→ Activity
If a line in the records below contains the word "Units", copy it.

→ Given records
== Segment start ==

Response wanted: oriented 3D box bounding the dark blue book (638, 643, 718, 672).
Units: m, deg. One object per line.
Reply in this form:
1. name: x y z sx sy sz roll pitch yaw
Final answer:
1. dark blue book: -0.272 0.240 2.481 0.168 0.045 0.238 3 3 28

== Segment end ==
== Segment start ==

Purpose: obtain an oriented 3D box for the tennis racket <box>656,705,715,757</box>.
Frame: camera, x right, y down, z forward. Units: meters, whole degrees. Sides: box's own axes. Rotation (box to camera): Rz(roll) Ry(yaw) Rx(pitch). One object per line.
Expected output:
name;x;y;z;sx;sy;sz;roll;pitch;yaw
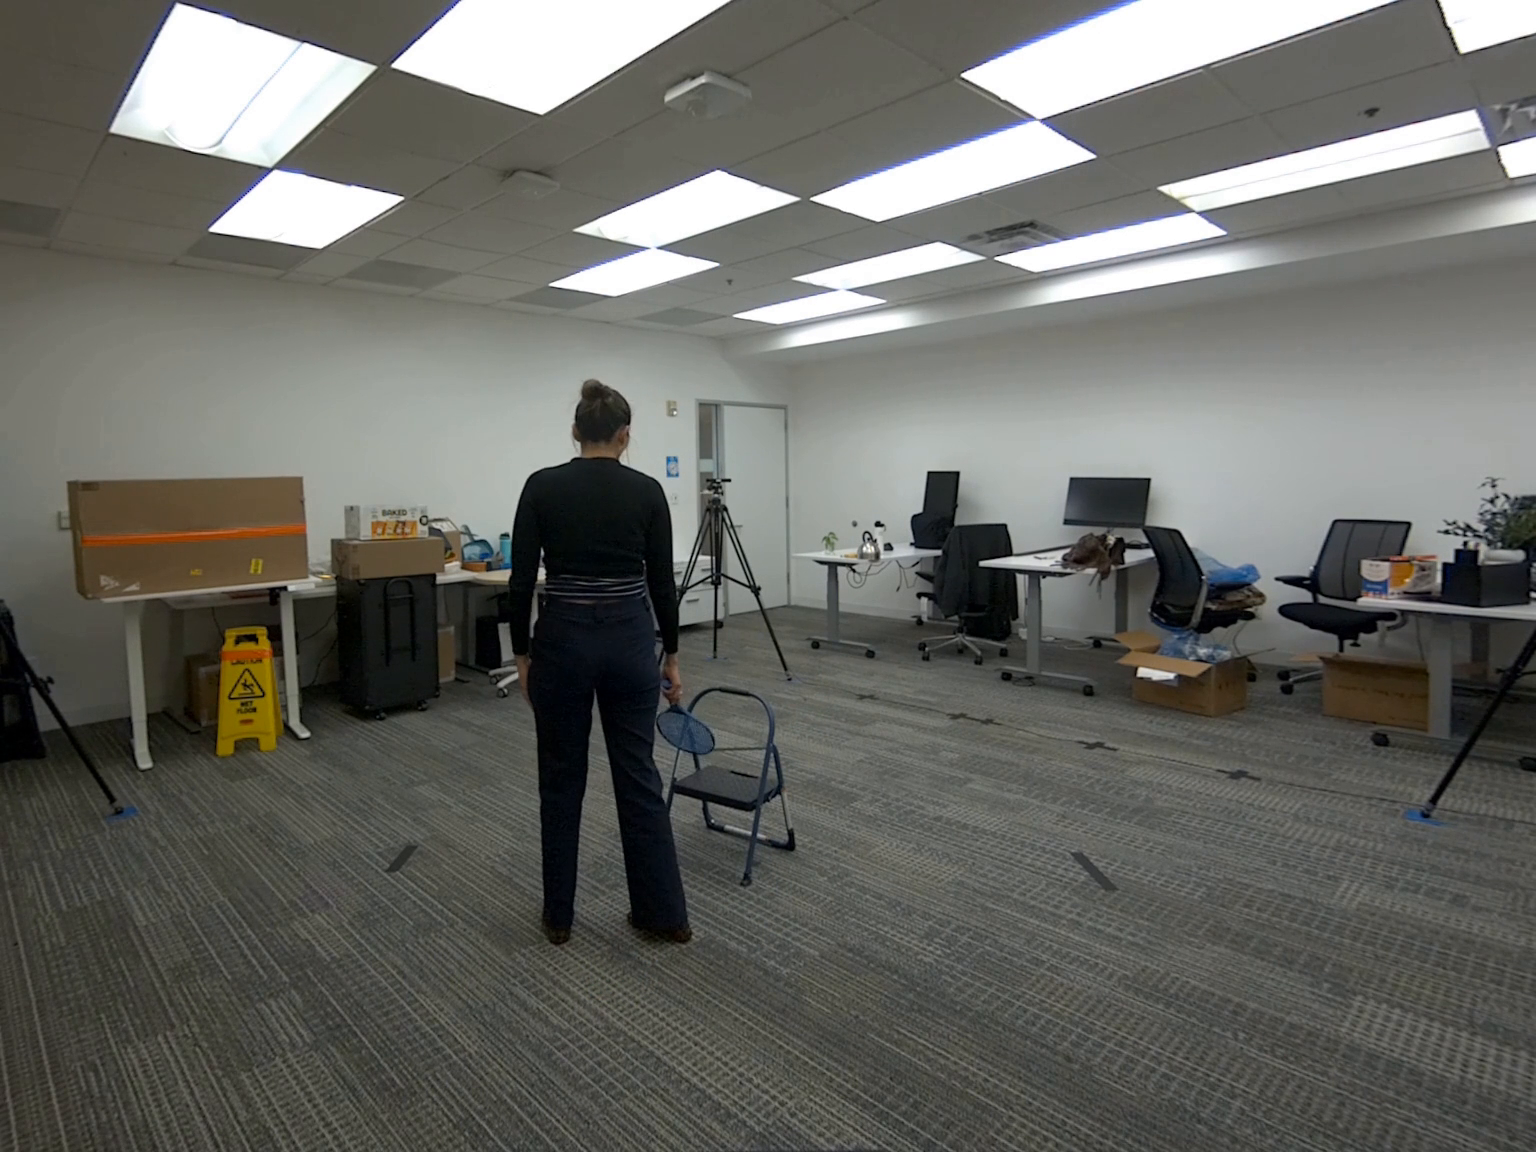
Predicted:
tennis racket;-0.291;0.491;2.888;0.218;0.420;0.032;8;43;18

== Segment end ==
== Segment start ==

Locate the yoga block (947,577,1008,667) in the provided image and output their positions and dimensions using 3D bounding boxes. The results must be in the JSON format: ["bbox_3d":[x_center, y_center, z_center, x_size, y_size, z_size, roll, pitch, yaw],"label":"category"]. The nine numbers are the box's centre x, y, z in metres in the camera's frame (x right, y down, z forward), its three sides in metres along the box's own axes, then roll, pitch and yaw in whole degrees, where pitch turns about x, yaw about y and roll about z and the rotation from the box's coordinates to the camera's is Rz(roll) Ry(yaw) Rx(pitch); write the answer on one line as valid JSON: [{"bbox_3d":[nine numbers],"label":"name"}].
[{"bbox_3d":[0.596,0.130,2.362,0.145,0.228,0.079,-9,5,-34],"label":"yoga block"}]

== Segment end ==

→ Answer for the task
Units: m, deg. One object per line.
Frame: camera, x right, y down, z forward. Units: meters, whole degrees. Sides: box's own axes. Rotation (box to camera): Rz(roll) Ry(yaw) Rx(pitch). One object per line.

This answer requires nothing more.